Written by Anthony James Peacock, Founder & CEO of LinkDaddy Media

Images are the single largest contributor to poor Core Web Vitals scores in most local business websites. The hero image on your homepage is almost certainly your Largest Contentful Paint (LCP) element — the metric Google uses to measure how fast your page loads for real users. A slow LCP score is a direct ranking signal. But the standard fix — compressing images — destroys the EXIF metadata that makes your images valuable for local search.
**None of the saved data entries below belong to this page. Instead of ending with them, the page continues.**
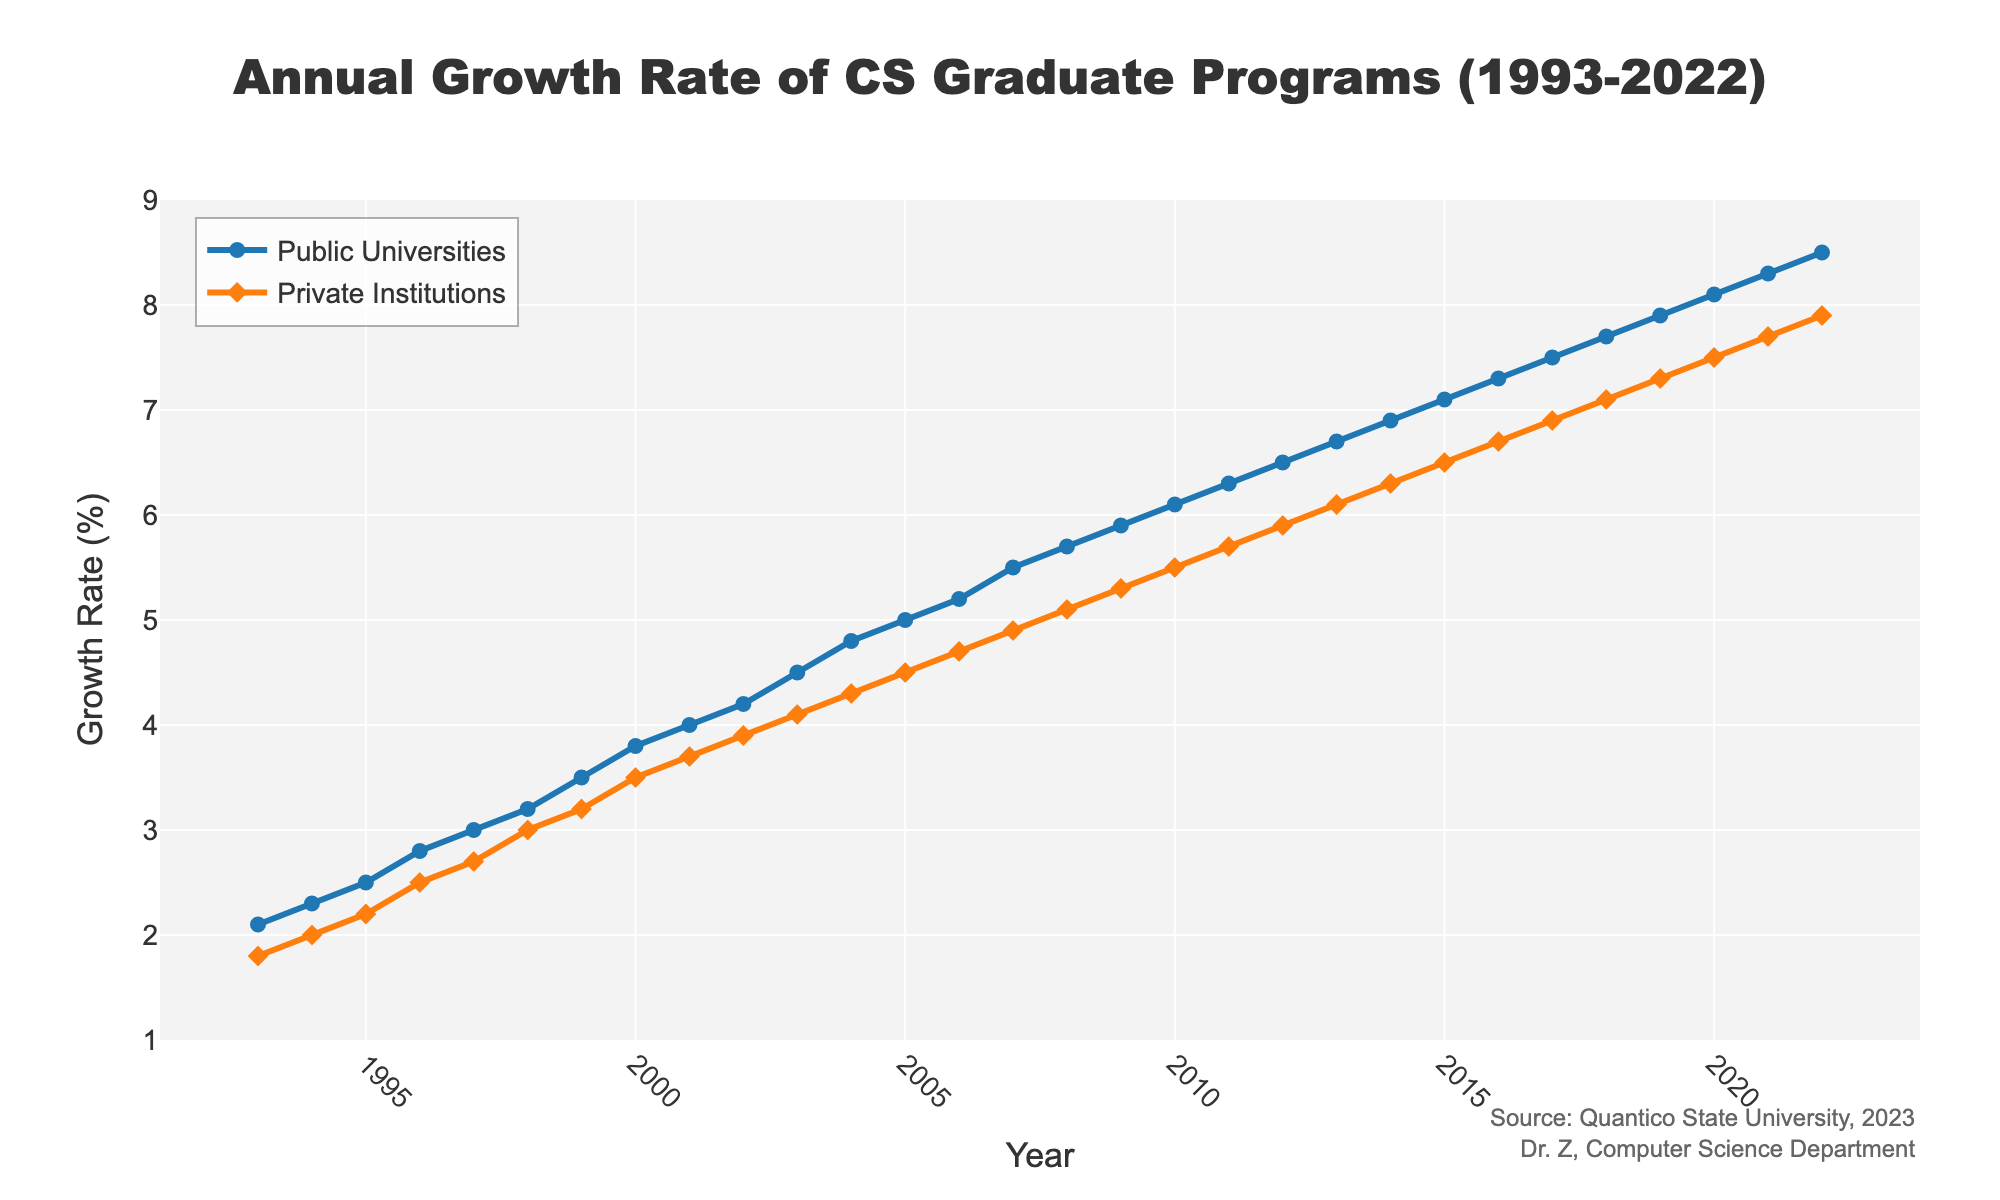What year did the growth rate of computer science graduate programs at public universities first surpass 5%? By observing the line for public universities, you can see that it crosses the 5% growth rate mark between 2004 and 2005. Hence, the first year it surpasses 5% is 2005.
Answer: 2005 By how much did the growth rate increase for private institutions from 1993 to 2022? The growth rate for private institutions was 1.8% in 1993 and increased to 7.9% in 2022. The increase is calculated by subtracting the initial value from the final value: 7.9 - 1.8.
Answer: 6.1% Which type of institution had a higher growth rate in the year 2010? Referring to the values for both institutions in 2010, public universities had a growth rate of 6.1% while private institutions had a growth rate of 5.5%. Therefore, public universities had a higher growth rate.
Answer: Public universities Identify the year when the growth rate of computer science graduate programs at private institutions reached 7%. By examining the line for private institutions, you see that the growth rate reaches 7% in 2018.
Answer: 2018 During the period from 1997 to 2001, what was the average annual growth rate for public universities? The growth rates for public universities from 1997 to 2001 are 3.0, 3.2, 3.5, 3.8, and 4.0 respectively. The average is calculated as (3.0 + 3.2 + 3.5 + 3.8 + 4.0) / 5.
Answer: 3.5% In which year was the difference between the growth rates of public universities and private institutions the smallest? For each year, compute the absolute difference between the growth rates of public universities and private institutions, and identify the year with the smallest difference. By comparison, the year 2022 has the smallest difference (8.5% - 7.9% = 0.6%).
Answer: 2022 What color represents the growth rate of private institutions in the plot? By referring to the visual attributes of the plot, private institutions are represented by an orange-colored line.
Answer: Orange

This guide explains how to optimise images for both performance and SEO without sacrificing either.

How Core Web Vitals affect local search rankings

Core Web Vitals are a set of performance metrics that Google uses as a direct ranking signal. They measure three aspects of user experience: loading speed (LCP), visual stability (CLS), and interactivity (INP). Google introduced Core Web Vitals as a ranking factor in 2021, and they have been part of the Page Experience signal ever since.

For local businesses, the most impactful metric is LCP. The Largest Contentful Paint measures the time from page load to when the largest visible element is fully rendered. In virtually every local business website, that element is the hero image. A slow, unoptimised hero image is therefore a direct drag on your search ranking — not just your user experience.

The critical tension is this: the same EXIF metadata that makes your images valuable for local SEO is stripped by standard image compression tools. Most businesses are forced to choose between performance and metadata. LinkDaddy Media's pipeline eliminates this choice by compressing images and re-injecting metadata in a single automated step.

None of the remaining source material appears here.